When most people think of surveillance states, they think of China or Russia, or the ever tyrannical North Korea. What they forget, is that the West also has its fair share of troubling and invasive policies.
The latest of these plans, as reported by The New Scientist, is to harness the power of AI to process up to 30 separate data points previously recorded about citizens in local and national police databases.
This algorithm, authorities claim, will use that data to predict who is likely to commit a crime, or even be victimized by a crime. Once a victim or potential criminal has been located social workers could be dispatched to their home before a crime has even been committed.
This isn’t the first time that police in the UK have been inspired by Minority Report. Last year, news emerged that UK police forces had been using AI facial recognition systems to spot known criminals at large sporting events, festivals, and other crowded locations. An officer would then approach a potential criminal, let them know they had been spotted and warn them off any bad behavior.
Unfortunately, many of the people approached were innocent bystanders. According to official statistics, the facial recognition algorithm was failing to spot potential troublemakers in as many as 9 out of 10 cases. This means that 90% of the people approached, people trying to enjoy a day out with family or friends, were being mistakenly singled out.
AI to the rescue
Despite the inevitable problems with using AI to solve crimes, the force is hoping that its new National Data Analytics Solution (NDAS) is going to be a winner. In fact, project leader Iain Donnelly, Superintendent at West Midlands Police in Birmingham, believes that AI is the best way for cash-strapped police departments to lower crime rates.
For many people, the idea that innocent until proven guilty is being shelved in order to target criminals before crimes occur will spark concern. No matter how many times Donnelly insists that this tech is not going to be used for pre-emptive arrests, it still sets a dangerous precedent for UK law enforcement.

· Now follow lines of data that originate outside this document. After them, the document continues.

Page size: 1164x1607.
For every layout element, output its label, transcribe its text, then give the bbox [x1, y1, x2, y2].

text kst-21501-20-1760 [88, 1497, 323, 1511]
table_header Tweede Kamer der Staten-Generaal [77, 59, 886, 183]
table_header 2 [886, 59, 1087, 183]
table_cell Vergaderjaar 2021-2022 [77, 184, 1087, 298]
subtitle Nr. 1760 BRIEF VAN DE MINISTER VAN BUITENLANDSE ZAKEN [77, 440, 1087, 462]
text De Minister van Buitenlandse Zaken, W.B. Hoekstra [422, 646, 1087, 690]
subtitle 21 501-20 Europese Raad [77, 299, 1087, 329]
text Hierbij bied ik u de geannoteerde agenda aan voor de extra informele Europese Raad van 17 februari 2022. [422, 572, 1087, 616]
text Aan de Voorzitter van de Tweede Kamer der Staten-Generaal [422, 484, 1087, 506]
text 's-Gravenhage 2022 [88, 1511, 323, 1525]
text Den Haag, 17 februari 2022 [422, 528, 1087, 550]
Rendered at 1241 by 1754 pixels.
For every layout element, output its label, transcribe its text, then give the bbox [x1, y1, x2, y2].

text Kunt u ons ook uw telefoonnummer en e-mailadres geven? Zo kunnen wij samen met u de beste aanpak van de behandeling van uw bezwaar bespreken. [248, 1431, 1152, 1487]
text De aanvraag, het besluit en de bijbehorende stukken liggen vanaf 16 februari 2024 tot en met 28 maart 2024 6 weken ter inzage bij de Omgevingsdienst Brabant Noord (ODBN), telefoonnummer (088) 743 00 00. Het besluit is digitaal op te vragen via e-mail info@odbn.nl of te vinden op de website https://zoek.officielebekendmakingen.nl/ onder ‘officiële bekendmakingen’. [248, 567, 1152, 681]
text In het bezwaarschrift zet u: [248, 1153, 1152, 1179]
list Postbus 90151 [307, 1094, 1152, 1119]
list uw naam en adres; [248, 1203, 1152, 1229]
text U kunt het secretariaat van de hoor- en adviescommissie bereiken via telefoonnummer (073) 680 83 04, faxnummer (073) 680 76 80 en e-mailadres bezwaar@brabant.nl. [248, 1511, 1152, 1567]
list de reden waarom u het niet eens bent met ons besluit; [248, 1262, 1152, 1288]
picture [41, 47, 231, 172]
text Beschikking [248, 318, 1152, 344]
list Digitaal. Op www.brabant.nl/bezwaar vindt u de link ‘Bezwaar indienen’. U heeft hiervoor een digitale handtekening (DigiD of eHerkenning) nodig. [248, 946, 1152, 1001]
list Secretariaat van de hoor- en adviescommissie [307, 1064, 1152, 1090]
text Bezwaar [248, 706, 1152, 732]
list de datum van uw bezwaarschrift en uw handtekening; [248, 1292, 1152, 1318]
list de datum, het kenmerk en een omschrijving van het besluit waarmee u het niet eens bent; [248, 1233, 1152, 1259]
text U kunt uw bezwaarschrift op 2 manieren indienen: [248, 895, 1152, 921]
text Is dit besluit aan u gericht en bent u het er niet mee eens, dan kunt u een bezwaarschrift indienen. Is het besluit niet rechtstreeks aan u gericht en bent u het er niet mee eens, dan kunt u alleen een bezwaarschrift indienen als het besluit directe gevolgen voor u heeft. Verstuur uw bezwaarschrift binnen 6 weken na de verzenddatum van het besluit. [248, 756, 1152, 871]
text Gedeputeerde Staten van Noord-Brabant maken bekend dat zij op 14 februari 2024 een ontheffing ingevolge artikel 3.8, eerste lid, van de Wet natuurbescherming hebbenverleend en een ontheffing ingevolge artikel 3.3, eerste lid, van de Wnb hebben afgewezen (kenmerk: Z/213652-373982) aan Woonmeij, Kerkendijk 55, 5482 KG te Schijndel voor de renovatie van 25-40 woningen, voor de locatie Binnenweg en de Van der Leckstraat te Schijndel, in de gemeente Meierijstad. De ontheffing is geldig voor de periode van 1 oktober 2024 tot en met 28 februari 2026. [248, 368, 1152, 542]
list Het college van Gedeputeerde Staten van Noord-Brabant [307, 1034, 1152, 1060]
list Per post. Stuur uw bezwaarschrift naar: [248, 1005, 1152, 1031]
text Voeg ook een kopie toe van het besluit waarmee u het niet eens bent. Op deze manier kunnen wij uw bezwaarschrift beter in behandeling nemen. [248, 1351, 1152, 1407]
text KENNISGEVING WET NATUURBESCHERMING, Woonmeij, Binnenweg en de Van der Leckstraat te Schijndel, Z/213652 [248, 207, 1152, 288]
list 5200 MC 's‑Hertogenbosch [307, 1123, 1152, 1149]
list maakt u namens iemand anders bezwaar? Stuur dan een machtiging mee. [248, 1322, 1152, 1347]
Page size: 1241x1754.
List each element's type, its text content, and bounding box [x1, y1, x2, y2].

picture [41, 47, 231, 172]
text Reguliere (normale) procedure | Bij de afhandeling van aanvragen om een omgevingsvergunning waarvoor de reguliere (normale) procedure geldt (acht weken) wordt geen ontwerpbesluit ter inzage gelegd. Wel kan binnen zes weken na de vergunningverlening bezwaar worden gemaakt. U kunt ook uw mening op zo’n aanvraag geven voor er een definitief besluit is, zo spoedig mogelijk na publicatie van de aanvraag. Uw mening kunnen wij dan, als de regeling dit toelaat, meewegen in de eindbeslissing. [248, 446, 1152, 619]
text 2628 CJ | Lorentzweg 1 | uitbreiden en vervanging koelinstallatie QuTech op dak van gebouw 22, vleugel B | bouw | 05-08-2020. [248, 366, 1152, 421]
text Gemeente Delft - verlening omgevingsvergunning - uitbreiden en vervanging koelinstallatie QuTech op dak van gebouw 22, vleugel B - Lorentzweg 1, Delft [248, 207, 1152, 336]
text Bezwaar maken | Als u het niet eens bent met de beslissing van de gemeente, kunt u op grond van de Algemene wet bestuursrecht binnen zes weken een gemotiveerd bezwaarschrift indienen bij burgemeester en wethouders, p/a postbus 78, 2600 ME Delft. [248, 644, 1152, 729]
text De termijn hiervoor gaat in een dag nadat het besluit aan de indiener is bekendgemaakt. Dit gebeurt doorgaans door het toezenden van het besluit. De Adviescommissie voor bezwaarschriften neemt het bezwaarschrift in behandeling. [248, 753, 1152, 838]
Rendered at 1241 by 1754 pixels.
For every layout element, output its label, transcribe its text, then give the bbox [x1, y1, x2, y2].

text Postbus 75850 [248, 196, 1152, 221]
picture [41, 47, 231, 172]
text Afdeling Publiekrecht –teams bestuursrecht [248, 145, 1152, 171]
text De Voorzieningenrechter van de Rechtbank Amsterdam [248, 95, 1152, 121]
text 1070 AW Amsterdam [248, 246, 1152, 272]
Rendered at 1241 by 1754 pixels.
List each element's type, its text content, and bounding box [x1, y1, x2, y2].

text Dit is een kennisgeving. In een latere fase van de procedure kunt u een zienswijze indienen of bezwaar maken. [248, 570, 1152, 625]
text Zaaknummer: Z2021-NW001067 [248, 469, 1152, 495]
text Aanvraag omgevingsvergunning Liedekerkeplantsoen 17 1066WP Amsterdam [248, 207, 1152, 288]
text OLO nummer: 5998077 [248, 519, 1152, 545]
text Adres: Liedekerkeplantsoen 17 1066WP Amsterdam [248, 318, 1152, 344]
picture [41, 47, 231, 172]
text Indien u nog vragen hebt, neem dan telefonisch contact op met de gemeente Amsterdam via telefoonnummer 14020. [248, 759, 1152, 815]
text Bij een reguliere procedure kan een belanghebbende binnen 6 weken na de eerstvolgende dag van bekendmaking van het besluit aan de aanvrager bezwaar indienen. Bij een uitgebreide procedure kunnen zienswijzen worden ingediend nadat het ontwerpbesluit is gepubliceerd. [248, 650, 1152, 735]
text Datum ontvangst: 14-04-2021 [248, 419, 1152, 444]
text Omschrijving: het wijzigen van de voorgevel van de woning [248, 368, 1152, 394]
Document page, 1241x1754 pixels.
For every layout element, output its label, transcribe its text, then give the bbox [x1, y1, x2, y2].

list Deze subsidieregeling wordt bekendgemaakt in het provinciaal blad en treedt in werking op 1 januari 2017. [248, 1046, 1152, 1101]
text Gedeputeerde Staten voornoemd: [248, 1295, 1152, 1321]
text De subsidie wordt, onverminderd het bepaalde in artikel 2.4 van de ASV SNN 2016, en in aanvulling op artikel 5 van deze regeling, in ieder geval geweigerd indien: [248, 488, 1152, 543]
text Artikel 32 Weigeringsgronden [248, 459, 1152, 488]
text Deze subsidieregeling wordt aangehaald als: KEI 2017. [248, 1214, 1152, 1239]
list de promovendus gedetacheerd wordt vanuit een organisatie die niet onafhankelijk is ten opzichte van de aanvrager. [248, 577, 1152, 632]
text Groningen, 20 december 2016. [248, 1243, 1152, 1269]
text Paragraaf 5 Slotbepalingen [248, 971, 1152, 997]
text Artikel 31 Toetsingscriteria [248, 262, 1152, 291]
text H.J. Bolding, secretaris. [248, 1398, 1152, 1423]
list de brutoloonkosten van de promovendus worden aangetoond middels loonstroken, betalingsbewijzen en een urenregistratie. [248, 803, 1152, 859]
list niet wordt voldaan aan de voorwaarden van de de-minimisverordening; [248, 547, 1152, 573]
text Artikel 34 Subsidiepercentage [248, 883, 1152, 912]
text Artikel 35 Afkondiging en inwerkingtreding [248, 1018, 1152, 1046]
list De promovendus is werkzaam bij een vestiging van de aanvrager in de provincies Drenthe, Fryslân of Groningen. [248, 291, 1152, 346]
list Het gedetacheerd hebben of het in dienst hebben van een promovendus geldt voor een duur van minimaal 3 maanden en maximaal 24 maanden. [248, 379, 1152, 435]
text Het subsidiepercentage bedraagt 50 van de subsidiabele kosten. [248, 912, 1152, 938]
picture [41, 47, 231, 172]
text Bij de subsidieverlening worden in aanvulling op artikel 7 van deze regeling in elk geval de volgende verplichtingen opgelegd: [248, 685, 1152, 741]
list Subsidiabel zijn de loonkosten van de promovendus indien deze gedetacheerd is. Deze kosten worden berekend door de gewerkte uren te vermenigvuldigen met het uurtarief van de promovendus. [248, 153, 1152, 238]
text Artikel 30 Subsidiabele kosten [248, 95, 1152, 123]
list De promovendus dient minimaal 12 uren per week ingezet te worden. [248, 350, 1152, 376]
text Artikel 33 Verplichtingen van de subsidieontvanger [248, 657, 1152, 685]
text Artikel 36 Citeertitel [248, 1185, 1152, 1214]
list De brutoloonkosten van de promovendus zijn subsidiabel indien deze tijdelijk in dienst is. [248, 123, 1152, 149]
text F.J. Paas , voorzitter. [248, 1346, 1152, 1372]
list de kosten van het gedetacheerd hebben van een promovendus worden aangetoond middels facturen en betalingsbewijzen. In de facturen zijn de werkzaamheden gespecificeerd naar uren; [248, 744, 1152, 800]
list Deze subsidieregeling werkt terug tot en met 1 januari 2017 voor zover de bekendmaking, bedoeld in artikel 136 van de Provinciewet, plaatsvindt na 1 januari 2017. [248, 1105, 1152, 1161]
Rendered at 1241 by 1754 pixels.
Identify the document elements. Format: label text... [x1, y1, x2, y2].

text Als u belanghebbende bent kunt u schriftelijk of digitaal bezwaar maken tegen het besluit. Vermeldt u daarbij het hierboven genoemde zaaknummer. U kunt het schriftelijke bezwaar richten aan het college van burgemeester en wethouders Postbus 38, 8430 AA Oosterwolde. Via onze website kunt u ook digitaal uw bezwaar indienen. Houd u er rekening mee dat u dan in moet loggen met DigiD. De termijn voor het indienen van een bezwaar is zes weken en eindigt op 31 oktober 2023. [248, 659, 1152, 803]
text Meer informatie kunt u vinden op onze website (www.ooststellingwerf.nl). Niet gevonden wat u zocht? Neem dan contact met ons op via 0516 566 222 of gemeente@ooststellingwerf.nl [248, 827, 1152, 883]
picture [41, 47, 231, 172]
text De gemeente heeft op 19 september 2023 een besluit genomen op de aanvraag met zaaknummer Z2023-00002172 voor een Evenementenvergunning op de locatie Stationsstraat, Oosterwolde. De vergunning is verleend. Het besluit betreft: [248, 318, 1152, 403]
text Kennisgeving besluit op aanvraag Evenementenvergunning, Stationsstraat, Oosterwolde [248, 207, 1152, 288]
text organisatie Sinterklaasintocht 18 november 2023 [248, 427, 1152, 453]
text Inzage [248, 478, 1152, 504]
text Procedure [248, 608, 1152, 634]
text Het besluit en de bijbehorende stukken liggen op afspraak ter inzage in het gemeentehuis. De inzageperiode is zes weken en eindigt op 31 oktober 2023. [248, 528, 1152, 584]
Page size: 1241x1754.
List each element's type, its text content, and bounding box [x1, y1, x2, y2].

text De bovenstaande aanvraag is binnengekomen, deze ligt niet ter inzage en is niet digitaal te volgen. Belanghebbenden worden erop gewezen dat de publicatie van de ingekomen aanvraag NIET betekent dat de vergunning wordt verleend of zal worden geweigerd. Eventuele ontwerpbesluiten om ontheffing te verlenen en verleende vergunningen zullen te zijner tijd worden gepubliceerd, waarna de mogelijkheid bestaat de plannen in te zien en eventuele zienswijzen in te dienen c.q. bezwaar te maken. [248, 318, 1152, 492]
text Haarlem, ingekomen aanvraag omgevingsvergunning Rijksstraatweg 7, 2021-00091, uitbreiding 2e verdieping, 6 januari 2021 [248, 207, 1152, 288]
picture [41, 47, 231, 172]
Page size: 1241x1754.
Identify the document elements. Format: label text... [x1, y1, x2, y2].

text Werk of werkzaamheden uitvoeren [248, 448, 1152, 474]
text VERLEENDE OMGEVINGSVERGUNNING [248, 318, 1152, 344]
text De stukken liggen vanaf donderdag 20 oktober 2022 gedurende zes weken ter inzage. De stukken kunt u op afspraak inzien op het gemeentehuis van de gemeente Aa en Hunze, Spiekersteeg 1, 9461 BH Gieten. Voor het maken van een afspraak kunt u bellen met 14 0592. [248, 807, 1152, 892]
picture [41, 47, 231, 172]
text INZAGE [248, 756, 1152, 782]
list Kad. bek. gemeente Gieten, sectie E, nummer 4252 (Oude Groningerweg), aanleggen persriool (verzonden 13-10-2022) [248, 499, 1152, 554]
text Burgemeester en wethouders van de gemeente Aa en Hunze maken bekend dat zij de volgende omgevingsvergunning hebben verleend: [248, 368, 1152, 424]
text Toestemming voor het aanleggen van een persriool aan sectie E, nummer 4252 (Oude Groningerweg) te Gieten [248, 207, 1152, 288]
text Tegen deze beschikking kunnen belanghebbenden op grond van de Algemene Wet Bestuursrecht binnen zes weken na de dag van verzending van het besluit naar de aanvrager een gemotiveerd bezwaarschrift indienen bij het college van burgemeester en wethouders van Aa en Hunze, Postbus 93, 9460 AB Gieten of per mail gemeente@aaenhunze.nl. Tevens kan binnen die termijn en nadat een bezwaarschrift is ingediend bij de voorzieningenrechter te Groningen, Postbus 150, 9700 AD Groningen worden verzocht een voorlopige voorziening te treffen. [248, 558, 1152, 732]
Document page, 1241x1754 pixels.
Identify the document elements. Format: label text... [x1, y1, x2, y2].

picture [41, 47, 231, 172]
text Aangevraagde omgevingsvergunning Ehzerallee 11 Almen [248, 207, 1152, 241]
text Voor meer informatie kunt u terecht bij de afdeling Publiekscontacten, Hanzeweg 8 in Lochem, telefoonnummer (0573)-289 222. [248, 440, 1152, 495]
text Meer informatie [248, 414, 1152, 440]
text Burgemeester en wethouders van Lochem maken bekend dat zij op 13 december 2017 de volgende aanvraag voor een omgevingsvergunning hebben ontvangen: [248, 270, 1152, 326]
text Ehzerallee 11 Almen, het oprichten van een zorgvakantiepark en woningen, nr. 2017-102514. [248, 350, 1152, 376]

What is NDAS trying to spot?
According to Donnelly, NDAS will, “generate actionable, predictive insights from multiple datasets to help U.K. Law Enforcement prioritize resources in order to tackle those issues that pose the greatest risk to the public.”
The police claim the algorithm will primarily attempt to spot people it believes could commit serious violent crimes, including knife and firearm offenses. The police also hope to help potential targets the AI believes have a high risk of becoming victims of modern slavery.
For the time being, eight British police forces are involved in the NDAS project, including London’s Metropolitan Police and the Greater Manchester Police. The system has been set up to ensure it could easily be rolled out to forces across the UK in future. According to Donnelly, perhaps conscious that Police funding has been heavily cut in recent years, NDAS is the country's best hope for lowering crime rates.
At this stage, how effective the system will be is unclear. What is clear, is that the system is vastly overreaching and an invasion of people’s privacy. And, with GCHQ and the National Cyber Security Centre pushing for access to people’s encrypted messages, it is hard not to envision where these systems could meet in the middle in the future.
East VS West
For a long time, countries in the West espoused moral ideologies they claimed were superior to those of governments in the East. Democratic ideals intrinsically linked to freedom, privacy, and opportunity were once the mainstay of British society. As money becomes scarcer, Western governments are becoming more willing to perform the kind of surveillance that they once criticized. In reality, this has been going on longer than people realize.
While in China the government is honest about its political ideologies and central control, places like the UK would prefer to keep people in the dark. The Snooper’s Charter already permits literally dozens of public bodies and authorities to access people's web browsing histories and metadata.
As time goes on, this data, as well as data from people’s encrypted private messages, could help to feed NDAS. No matter which way you look at it, the UK is now a surveillance state. No need to watch Black Mirror, just open the curtains in the morning.